# When I was 16



## wyogoob (Sep 7, 2007)

I wanted to be 18

When I was 18 I wanted to be 21

When I was 21 I wanted to be 55

When I became 55 I wanted to be 65

65 sucks. All your friends are sick and dying. I lost another one; Virgil.

Big whitetails, raccoons, catfish, turtles, archery, rifles and shotguns, Canada, bamboo fly rods, gardens, fish fries and wild game feeds. Holy Cow, at one time Virgil had the Iowa state record for Bluegill and Wild Turkey. The stories I could tell. RIP &&%^#@)(

I wish I was 16 again. 

.


----------



## TPrawitt91 (Sep 1, 2015)

Sorry for your loss goob!


----------



## LostLouisianian (Oct 11, 2010)

Sorry for your loss goob it does indeed suck. I quit going to my high school reunions because it was so sad to learn each 5 years to learn who we had lost since the last one. As I write this I am texting back and forth with my wife, her best friend's father who was like a father to her is in really bad shape and we're actually hoping he lasts past Christmas so the family can have a non grieving Christmas. Alas our day will come to ....


----------



## Idratherbehunting (Jul 17, 2013)

I am still south of 65, and I am not sure why I wanted to grow up so fast when I was a teenager. Some times adulting sucks. 

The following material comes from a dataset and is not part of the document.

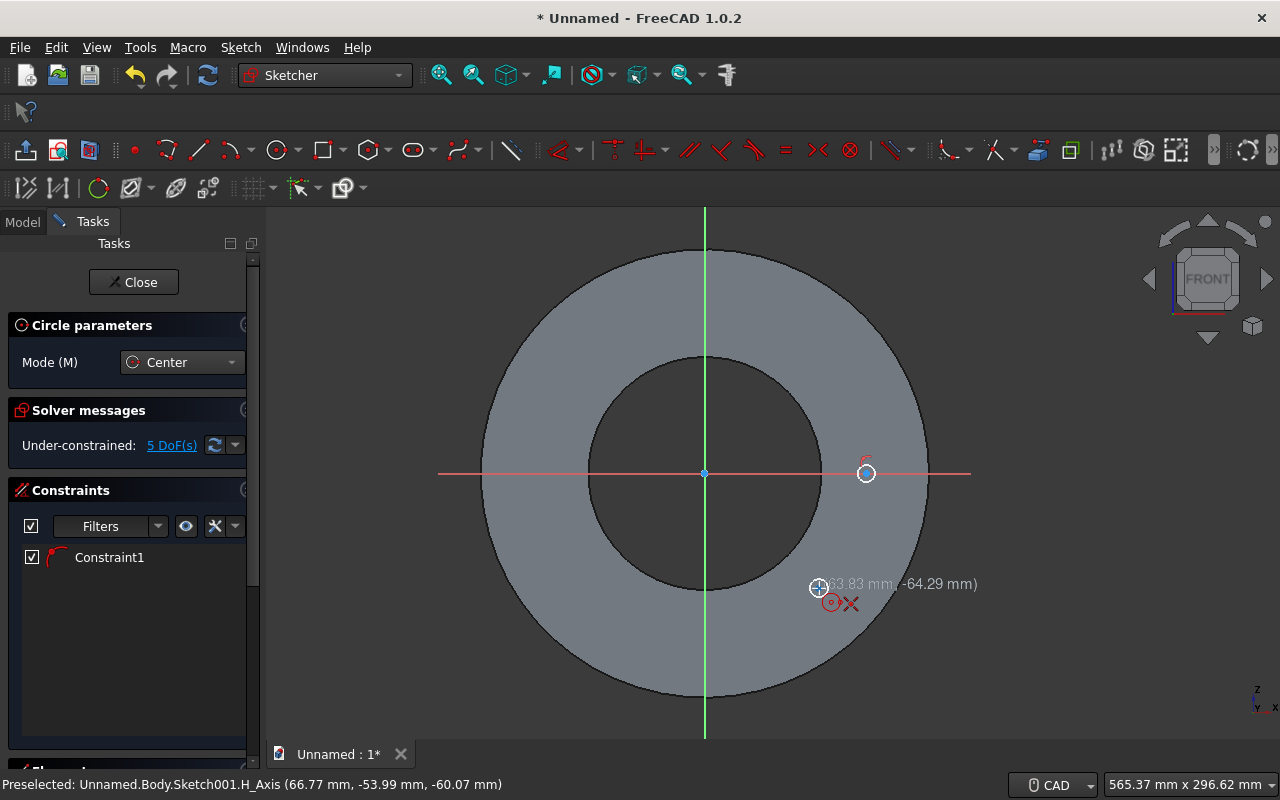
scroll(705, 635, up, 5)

I'm sorry for your loss Goob.


----------



## Dunkem (May 8, 2012)

Closer to 70 than 60 now, friends are gone, fishing partners --gone, hunting partners, gone or to frail to get out. Thankful I have my best friend also known as my wife. She tolorates going hunting birds with me, and she is quite the fisherwomen. Old age is not kind, your mind wants to do the things you use to do but your body says wait a minute, are you sure you can still do that? Sucks to have a beautiful Harley sitting in the shed cause your leg has lost its feeling and you seem to crash everytime you ride it. Ya I would take 16 again, probobly make some better decisions also.

My condolences Tim.


----------



## trackerputnam (Dec 21, 2014)

Brother in law passed Saturday evening. I spent Sunday holding a crying niece and nephew. Helping sister get ahold of the coming realities and so forth. But 58 feels pretty good here. Jason was 42 or so. So the alternative to 58 don't look so good.


----------



## Critter (Mar 20, 2010)

It is pretty bad when you look at the Obituaries in the news paper or online to see who you know that has passed away. I just saw this morning that a daughter of a person that I used to work for just passed away at the young age of 46, way too young. 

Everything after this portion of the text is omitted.